I would really be grateful for any help. 


if you know that the FT of a gaussian is a gaussian, then why do fft of 
kernel?
just multiply the fft of image with invented gaussian in fourier domain, 
then IFFT

all you are doing is lo pass filtering - so you are only selecting the low 
frequency components of image right?

so you are selecting all fourier components a certain distance from origin 
(dc spatial frequency), and throwing away rest, 'apodising' higher frequency 
components so you don't get ringing...

what you need to work out is output from the FFTW program - where is origin?
also zero padding always stinks - you may have to smooth abrupt transistion 
into zeros, otherwise get ringing convolved into image.

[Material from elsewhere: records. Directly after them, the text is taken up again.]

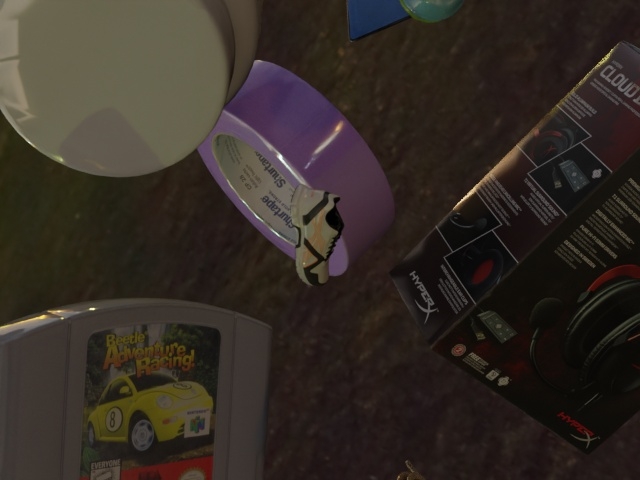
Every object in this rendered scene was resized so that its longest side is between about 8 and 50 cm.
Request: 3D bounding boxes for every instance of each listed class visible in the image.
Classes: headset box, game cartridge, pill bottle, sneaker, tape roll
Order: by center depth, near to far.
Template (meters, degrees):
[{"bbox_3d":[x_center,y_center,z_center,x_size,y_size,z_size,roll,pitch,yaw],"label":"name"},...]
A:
[{"bbox_3d":[0.238,0.004,0.784,0.293,0.218,0.110,-46,33,14],"label":"headset box"},{"bbox_3d":[-0.157,0.147,0.835,0.060,0.294,0.196,-1,89,43],"label":"game cartridge"},{"bbox_3d":[0.000,0.000,0.902,0.040,0.043,0.109,-62,-27,-47],"label":"sneaker"},{"bbox_3d":[-0.165,-0.230,0.909,0.224,0.224,0.392,-51,20,25],"label":"pill bottle"},{"bbox_3d":[-0.038,-0.086,1.208,0.090,0.275,0.275,-43,17,-19],"label":"tape roll"}]

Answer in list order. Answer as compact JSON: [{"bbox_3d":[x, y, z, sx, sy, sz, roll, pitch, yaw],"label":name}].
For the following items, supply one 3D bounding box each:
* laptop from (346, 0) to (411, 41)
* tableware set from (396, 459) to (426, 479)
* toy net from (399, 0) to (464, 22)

A trick for getting origin right is to premultiply with a comb (-1)^(x+y)... 
(alternate the sign of each pixel, both horizontally and vertically) on both 
sides of fft

good luck



An FFT performs a discrete Fourier transform (DFT), not a Fourier
transform.  The DFT of a single Gaussian (a) doesn't give you exactly a
Gaussian and (b) gives you a periodic sequence of almost-Gaussians.  In
particular, there should be an almost-Gaussian centered at each corner
of your image.  See also Q3.10 in the FFTW FAQ about the origin in the
frequency domain.

Cordially,
Steven G. Johnson

Hi!
Thanks a lot for quick anwer.

Actually, there was the oldest mistake ever... Wrong indexing.